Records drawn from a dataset
::::::::::

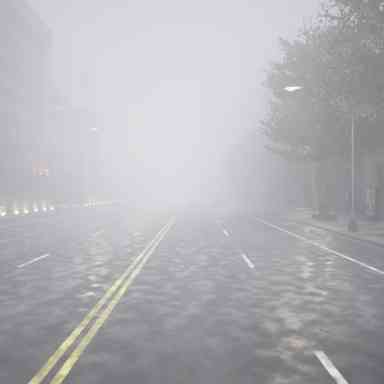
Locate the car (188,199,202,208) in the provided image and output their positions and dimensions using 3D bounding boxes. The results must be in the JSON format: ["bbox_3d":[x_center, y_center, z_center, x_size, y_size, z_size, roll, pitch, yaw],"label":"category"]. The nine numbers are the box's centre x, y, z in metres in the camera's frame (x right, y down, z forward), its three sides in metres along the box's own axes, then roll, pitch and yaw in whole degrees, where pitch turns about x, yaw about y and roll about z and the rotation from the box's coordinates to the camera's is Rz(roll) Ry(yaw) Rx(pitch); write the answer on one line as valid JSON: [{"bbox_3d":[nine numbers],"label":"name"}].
[{"bbox_3d":[0.409,1.608,48.229,1.895,1.301,4.718,0,0,0],"label":"car"}]

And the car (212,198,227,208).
[{"bbox_3d":[3.901,1.571,47.297,1.994,1.385,4.181,0,0,0],"label":"car"}]
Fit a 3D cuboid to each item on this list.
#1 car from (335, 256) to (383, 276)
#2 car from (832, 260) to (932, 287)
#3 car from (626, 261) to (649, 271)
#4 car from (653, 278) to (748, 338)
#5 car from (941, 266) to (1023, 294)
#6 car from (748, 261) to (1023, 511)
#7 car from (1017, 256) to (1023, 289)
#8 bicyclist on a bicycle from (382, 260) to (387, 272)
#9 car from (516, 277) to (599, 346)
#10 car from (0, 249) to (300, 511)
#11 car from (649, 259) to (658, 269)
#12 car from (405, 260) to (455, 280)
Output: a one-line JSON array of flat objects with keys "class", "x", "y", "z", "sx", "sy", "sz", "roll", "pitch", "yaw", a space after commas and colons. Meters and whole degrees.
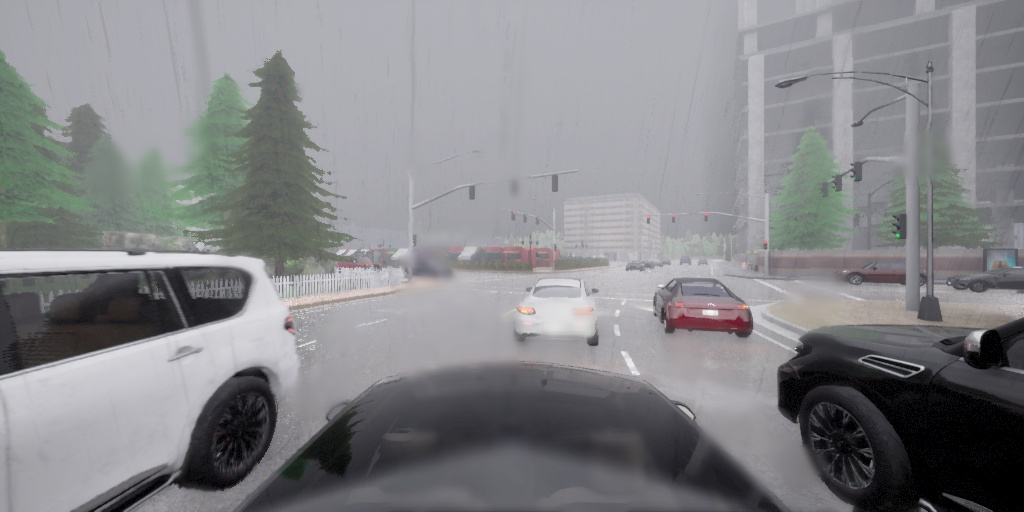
[{"class": "car", "x": -15.663, "y": 1.027, "z": 36.674, "sx": 5.566, "sy": 2.045, "sz": 2.150, "roll": 0, "pitch": 0, "yaw": 30}, {"class": "car", "x": 25.914, "y": 1.157, "z": 25.388, "sx": 4.553, "sy": 1.767, "sz": 2.097, "roll": 0, "pitch": 0, "yaw": 30}, {"class": "car", "x": 16.479, "y": 1.314, "z": 47.666, "sx": 1.994, "sy": 1.385, "sz": 4.181, "roll": 0, "pitch": 0, "yaw": 29}, {"class": "car", "x": 5.296, "y": 1.314, "z": 10.419, "sx": 1.994, "sy": 1.385, "sz": 4.181, "roll": 0, "pitch": 0, "yaw": 17}, {"class": "car", "x": 28.002, "y": 1.331, "z": 20.154, "sx": 4.674, "sy": 1.442, "sz": 1.812, "roll": 0, "pitch": 0, "yaw": 29}, {"class": "car", "x": 3.737, "y": 0.971, "z": 1.190, "sx": 2.150, "sy": 2.045, "sz": 5.566, "roll": 0, "pitch": 0, "yaw": 0}, {"class": "car", "x": 34.251, "y": 1.027, "z": 20.657, "sx": 5.566, "sy": 2.045, "sz": 2.150, "roll": 0, "pitch": 0, "yaw": 30}, {"class": "bicyclist on a bicycle", "x": -15.735, "y": 1.258, "z": 44.274, "sx": 0.582, "sy": 1.620, "sz": 1.656, "roll": 0, "pitch": 0, "yaw": -23}, {"class": "car", "x": 1.275, "y": 1.276, "z": 9.412, "sx": 1.812, "sy": 1.442, "sz": 4.674, "roll": 0, "pitch": 0, "yaw": 11}, {"class": "car", "x": -3.485, "y": 0.971, "z": 1.684, "sx": 2.150, "sy": 2.045, "sz": 5.566, "roll": 0, "pitch": 0, "yaw": 2}, {"class": "car", "x": 20.806, "y": 1.351, "z": 55.404, "sx": 1.895, "sy": 1.301, "sz": 4.718, "roll": 0, "pitch": 0, "yaw": 29}, {"class": "car", "x": -7.321, "y": 1.157, "z": 31.939, "sx": 4.553, "sy": 1.767, "sz": 2.097, "roll": 0, "pitch": 0, "yaw": 30}]
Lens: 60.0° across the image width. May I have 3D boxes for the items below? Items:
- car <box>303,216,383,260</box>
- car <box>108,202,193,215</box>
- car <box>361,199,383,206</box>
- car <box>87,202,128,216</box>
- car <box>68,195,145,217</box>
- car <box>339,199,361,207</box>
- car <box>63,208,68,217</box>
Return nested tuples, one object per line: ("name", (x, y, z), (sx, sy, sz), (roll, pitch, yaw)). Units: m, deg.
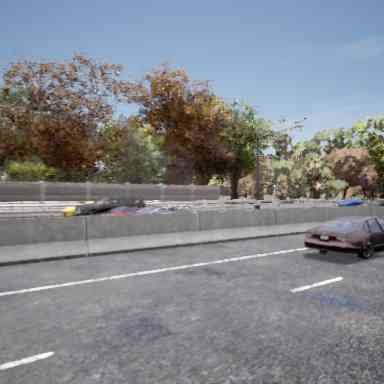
("car", (6.580, 1.626, 12.858), (5.357, 1.411, 2.033), (0, 0, -35))
("car", (-2.089, 1.553, 19.690), (4.902, 1.511, 2.128), (0, 0, -35))
("car", (27.754, 1.824, 49.493), (4.892, 1.490, 1.837), (0, 0, -35))
("car", (-4.487, 1.623, 22.278), (4.181, 1.385, 1.994), (0, 0, -35))
("car", (-6.119, 1.284, 25.412), (5.566, 2.045, 2.150), (0, 0, -35))
("car", (24.771, 1.787, 51.638), (5.008, 1.535, 1.882), (0, 0, -34))
("car", (-8.287, 1.540, 28.164), (5.008, 1.535, 1.882), (0, 0, -35))
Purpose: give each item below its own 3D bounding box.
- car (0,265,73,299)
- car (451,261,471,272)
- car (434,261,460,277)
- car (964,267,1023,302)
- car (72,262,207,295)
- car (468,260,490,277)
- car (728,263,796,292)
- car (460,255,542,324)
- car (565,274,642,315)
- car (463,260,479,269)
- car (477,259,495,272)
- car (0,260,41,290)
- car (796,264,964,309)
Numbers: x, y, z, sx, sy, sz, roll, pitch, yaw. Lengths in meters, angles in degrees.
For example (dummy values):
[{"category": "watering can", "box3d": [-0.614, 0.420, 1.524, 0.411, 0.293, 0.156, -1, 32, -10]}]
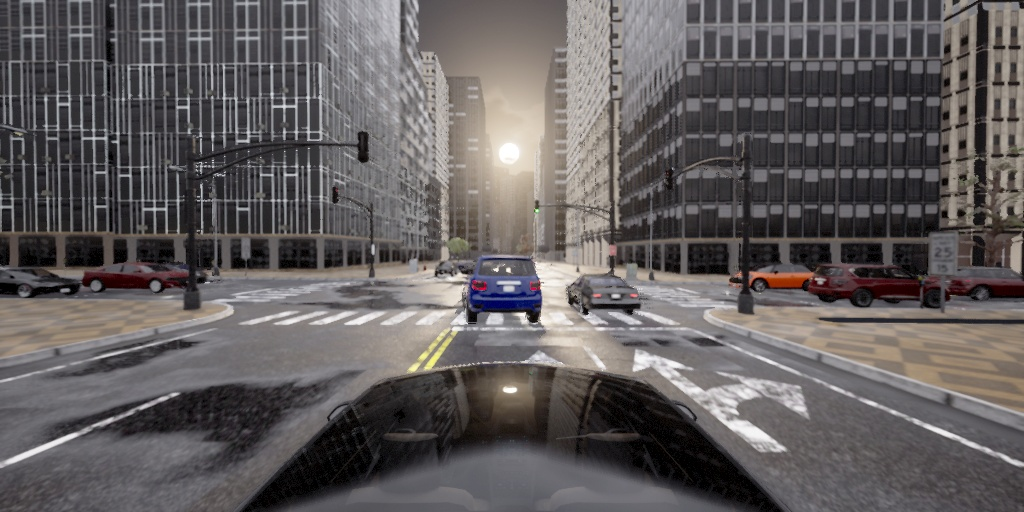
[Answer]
[{"category": "car", "box3d": [-22.737, 1.194, 16.550, 4.313, 1.339, 1.948, 0, 0, 1]}, {"category": "car", "box3d": [-6.586, 1.353, 46.736, 1.895, 1.301, 4.718, 0, 0, 0]}, {"category": "car", "box3d": [-6.613, 1.260, 36.433, 1.837, 1.490, 4.892, 0, 0, -1]}, {"category": "car", "box3d": [24.600, 1.362, 18.481, 4.553, 1.767, 2.097, 1, 1, 1]}, {"category": "car", "box3d": [-19.772, 1.091, 19.199, 5.008, 1.535, 1.882, 1, 1, 0]}, {"category": "car", "box3d": [-3.348, 1.233, 37.326, 1.882, 1.535, 5.008, 0, 0, 0]}, {"category": "car", "box3d": [15.774, 1.235, 21.842, 4.553, 1.767, 2.097, 0, 1, -1]}, {"category": "car", "box3d": [-0.522, 1.016, 12.347, 2.150, 2.045, 5.566, 1, -1, -9]}, {"category": "car", "box3d": [3.341, 1.392, 14.039, 2.033, 1.411, 5.357, 0, -1, 0]}, {"category": "car", "box3d": [-6.520, 1.296, 57.408, 2.033, 1.411, 5.357, 0, 0, 0]}, {"category": "car", "box3d": [-3.334, 1.230, 46.938, 1.882, 1.535, 5.008, 0, 0, 0]}, {"category": "car", "box3d": [-29.274, 1.018, 19.390, 4.902, 1.511, 2.128, 1, 1, 1]}, {"category": "car", "box3d": [16.188, 1.291, 16.035, 5.009, 1.841, 2.192, 0, 0, 1]}]
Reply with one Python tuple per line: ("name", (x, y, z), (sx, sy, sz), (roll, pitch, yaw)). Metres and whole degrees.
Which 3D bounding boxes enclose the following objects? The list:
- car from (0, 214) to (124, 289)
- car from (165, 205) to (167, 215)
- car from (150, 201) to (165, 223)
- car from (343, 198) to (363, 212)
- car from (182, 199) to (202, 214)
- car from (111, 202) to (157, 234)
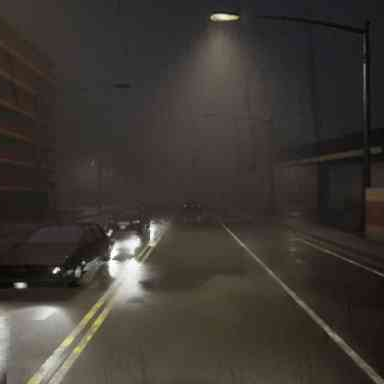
("car", (-3.614, 1.599, 9.668), (2.033, 1.411, 5.357), (0, 0, 0))
("car", (-3.591, 1.662, 33.118), (2.128, 1.511, 4.902), (0, 0, 0))
("car", (-3.539, 1.608, 26.414), (1.994, 1.385, 4.181), (0, 0, 0))
("car", (20.214, 1.481, 38.933), (4.611, 1.667, 2.242), (0, 0, 1))
("car", (0.024, 1.542, 37.439), (2.097, 1.767, 4.553), (0, 0, 0))
("car", (-3.622, 1.596, 19.954), (2.128, 1.511, 4.902), (0, 0, 0))
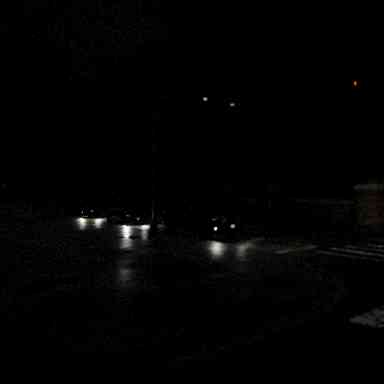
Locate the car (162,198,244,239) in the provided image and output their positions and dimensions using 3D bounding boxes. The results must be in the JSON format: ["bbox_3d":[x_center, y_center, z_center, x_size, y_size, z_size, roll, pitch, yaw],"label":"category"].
[{"bbox_3d":[0.420,1.365,18.653,2.150,2.045,5.566,0,-1,-36],"label":"car"}]

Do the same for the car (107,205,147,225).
[{"bbox_3d":[-5.382,1.766,26.755,1.812,1.442,4.674,0,-1,-36],"label":"car"}]

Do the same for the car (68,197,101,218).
[{"bbox_3d":[-11.561,1.579,35.420,2.150,2.045,5.566,0,-1,-35],"label":"car"}]
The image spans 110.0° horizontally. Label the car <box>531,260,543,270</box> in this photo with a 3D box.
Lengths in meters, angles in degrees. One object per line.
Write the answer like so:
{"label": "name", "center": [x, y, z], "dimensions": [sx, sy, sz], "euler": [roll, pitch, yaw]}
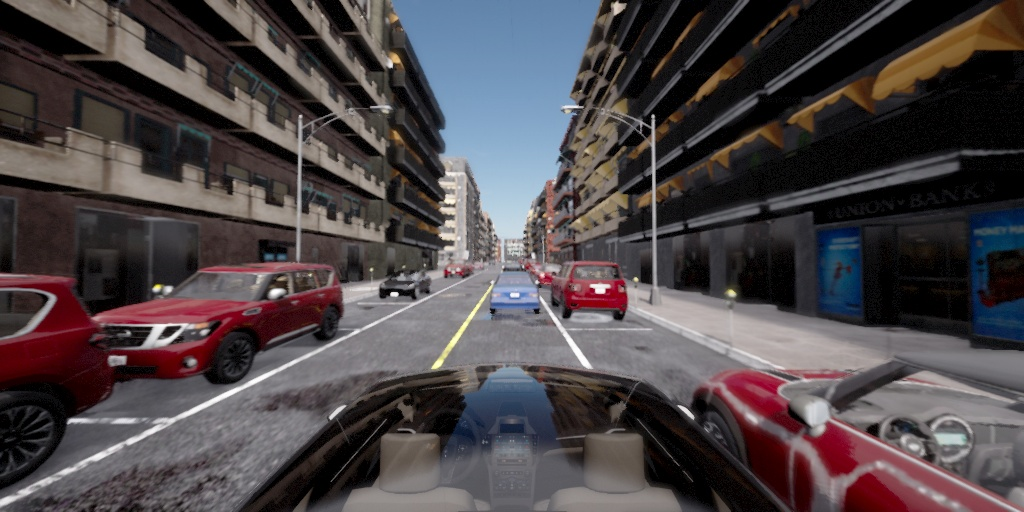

::::::::::

What lines hold the string "angles"? Pick them out of the data.

(Solved problem)
Numbers: x, y, z, sx, sy, sz, roll, pitch, yaw. Lengths in meters, angles in degrees.
Lengths in meters, angles in degrees. One object per line.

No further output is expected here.